ICRA’s performance was stellar from margins and earnings perspective. While revenue is tracking our growth estimate (12% yoy) for full‐year, the 9m EBITDA and PAT stands at 85% and 81% of our FY22 estimates. So, earnings estimates for FY22‐24 have been revised upwards by 5‐6%. The positive surprises have been coming from a largely unaffected traction in fresh business and wallet share gains, notwithstanding pursued pricing corrections. The growth in ICRA Analytics is also sustaining at higher levels courtesy persistent flow of outsourcing from the parent (Moody’s share in revenue at near 80%).

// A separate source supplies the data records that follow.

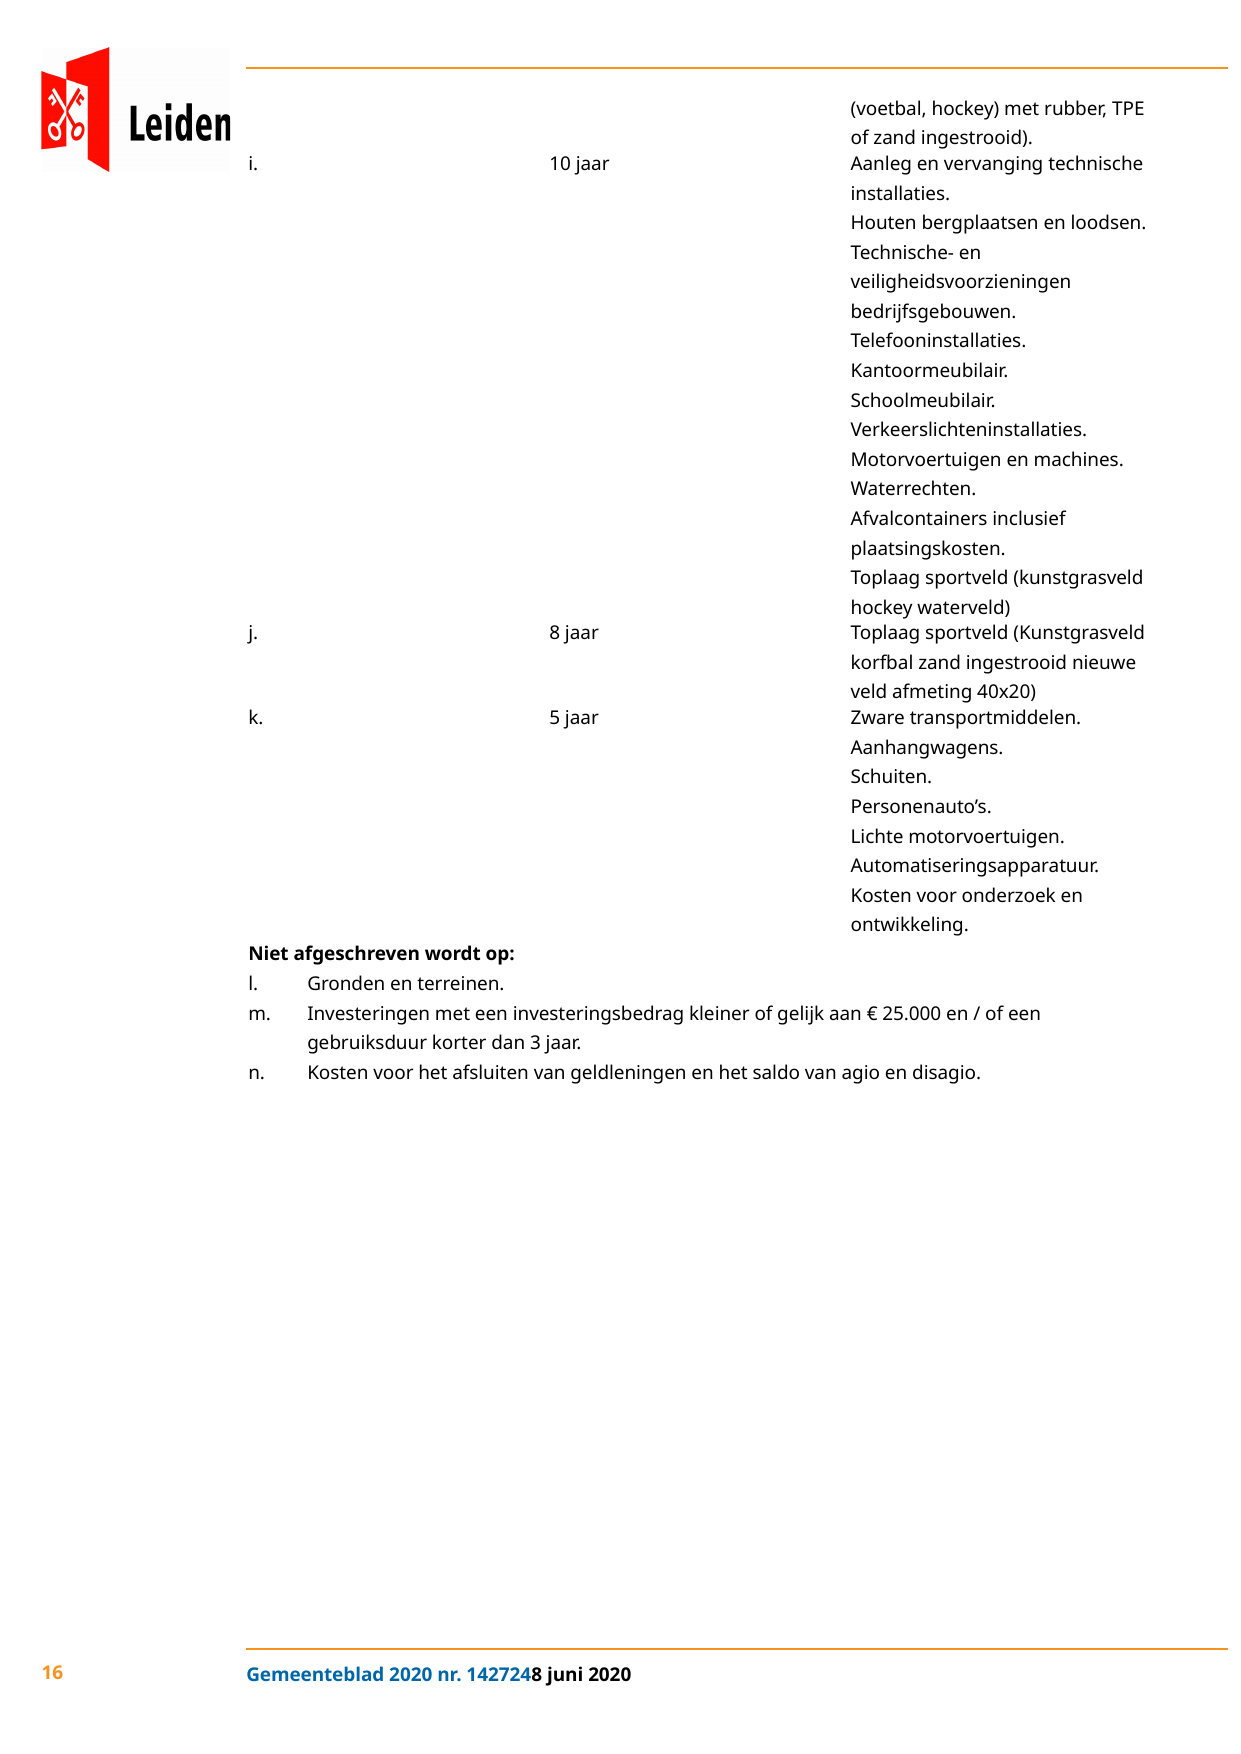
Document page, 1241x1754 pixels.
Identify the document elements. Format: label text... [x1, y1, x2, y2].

list Gronden en terreinen. [248, 970, 1152, 996]
table_cell Toplaag sportveld (Kunstgrasveld korfbal zand ingestrooid nieuwe veld afmeting 40x20) [850, 620, 1152, 704]
table_cell [549, 95, 850, 150]
table_cell i. [248, 150, 549, 619]
text Niet afgeschreven wordt op: [248, 941, 1152, 966]
table_cell [248, 95, 549, 150]
table_cell Aanleg en vervanging technische installaties. Houten bergplaatsen en loodsen. Technische- en veiligheidsvoorzieningen bedrijfsgebouwen. Telefooninstallaties. Kantoormeubilair. Schoolmeubilair. Verkeerslichteninstallaties. Motorvoertuigen en machines. Waterrechten. Afvalcontainers inclusief plaatsingskosten. Toplaag sportveld (kunstgrasveld hockey waterveld) [850, 150, 1152, 619]
table_cell 8 jaar [549, 620, 850, 704]
table_cell k. [248, 705, 549, 937]
table_cell (voetbal, hockey) met rubber, TPE of zand ingestrooid). [850, 95, 1152, 150]
list Kosten voor het afsluiten van geldleningen en het saldo van agio en disagio. [248, 1059, 1152, 1084]
table_cell 10 jaar [549, 150, 850, 619]
table_cell Zware transportmiddelen. Aanhangwagens. Schuiten. Personenauto’s. Lichte motorvoertuigen. Automatiseringsapparatuur. Kosten voor onderzoek en ontwikkeling. [850, 705, 1152, 937]
picture [41, 47, 231, 172]
table_cell 5 jaar [549, 705, 850, 937]
list Investeringen met een investeringsbedrag kleiner of gelijk aan € 25.000 en / of een gebruiksduur korter dan 3 jaar. [248, 1000, 1152, 1055]
table_cell j. [248, 620, 549, 704]

Key monitorable would be a) acceleration in rating volumes, b) attrition impact on growth/margins, c) revenue flow from Moody’s in ICRA Analytics and d) utilization of cash which has been increasing (we reckon dividend payout will be increased). Valuation is below long‐term mean at 24x FY24 P/E, and thus can re‐rate on such strong performances. Upgrade to BUY with enhanced 12m PT of Rs4300.  

 

Consolidated performance

* Revenue came in‐line at Rs866mn (up 5% qoq/12% yoy) – share of Rating & Research business fell to multi‐quarter low of 58% (60% in Q2 FY22 and 63% in Q3 FY21).   

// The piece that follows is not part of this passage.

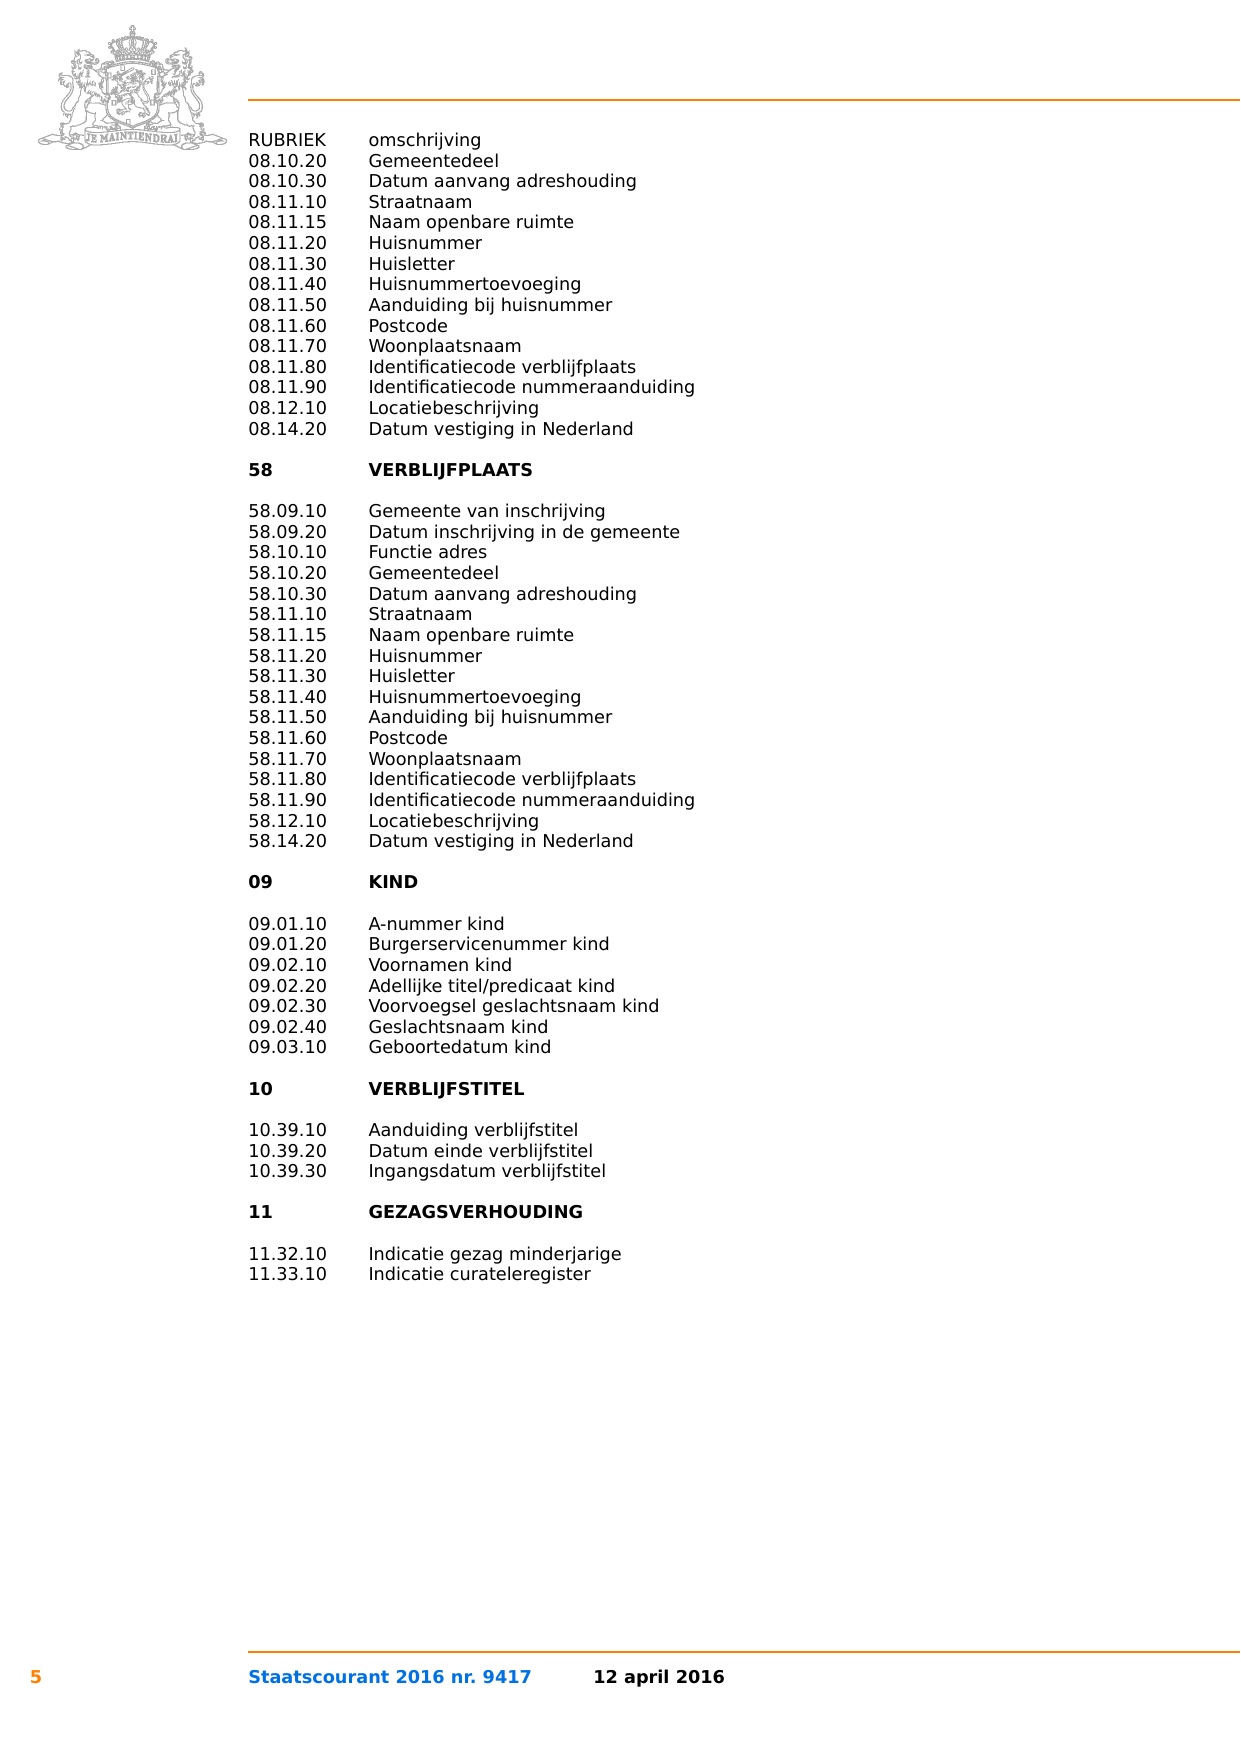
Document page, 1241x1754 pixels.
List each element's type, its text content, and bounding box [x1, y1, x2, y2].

* EBITDA beat of 30% (abs. growth of 53% qoq/43% yoy).

* EBITDA margin at multi‐year high of 40% (improved 13 ppt qoq/9 ppt yoy).  

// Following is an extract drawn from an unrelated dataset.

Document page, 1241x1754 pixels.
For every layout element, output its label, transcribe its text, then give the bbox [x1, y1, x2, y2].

* PAT 18% higher than estimate (up 28% qoq/27% yoy), despite marginal decline in other income.    

* Cash & Inv. balance increases from Rs7.9bn to Rs8.2bn (25% of M‐cap).

 

Rating & Research segment performance

* Revenues largely flat qoq and annual growth slowed to 4% from 10% in H1 FY22.

* Key revenue drivers were 1) traction in fresh business and 2) pricing improvement driven by management’s persistent efforts to align pricing framework with the strong franchise value.

* Segmental PBT jumps 2.2x qoq and margin to 30% from 14%.   

* Key margin drivers were 1) continuance of pricing led growth and 2) sharp fall in employee cost qoq due to a) decline in employee base since March 2021 on account of increased attrition and b) presence of significant variable payouts during H1 to rein in attrition.     

 

ICRA Analytics performance highlights

* Revenue growth accelerates to 25% yoy from 22% yoy in H1 FY22, led by continued growth momentum in outsourcing services (88% of revenues).   

* Segmental PBT grows 25% qoq/75% yoy with margin improving by 6 ppt qoq/14 ppt yoy.  

* Outsourcing services revenues grew by 32% yoy on the back of more business from existing clients and addition of new clients.  

* Key margin drivers were 1) operating leverage and 2) turnaround in profitability of consulting business (12% of revenue).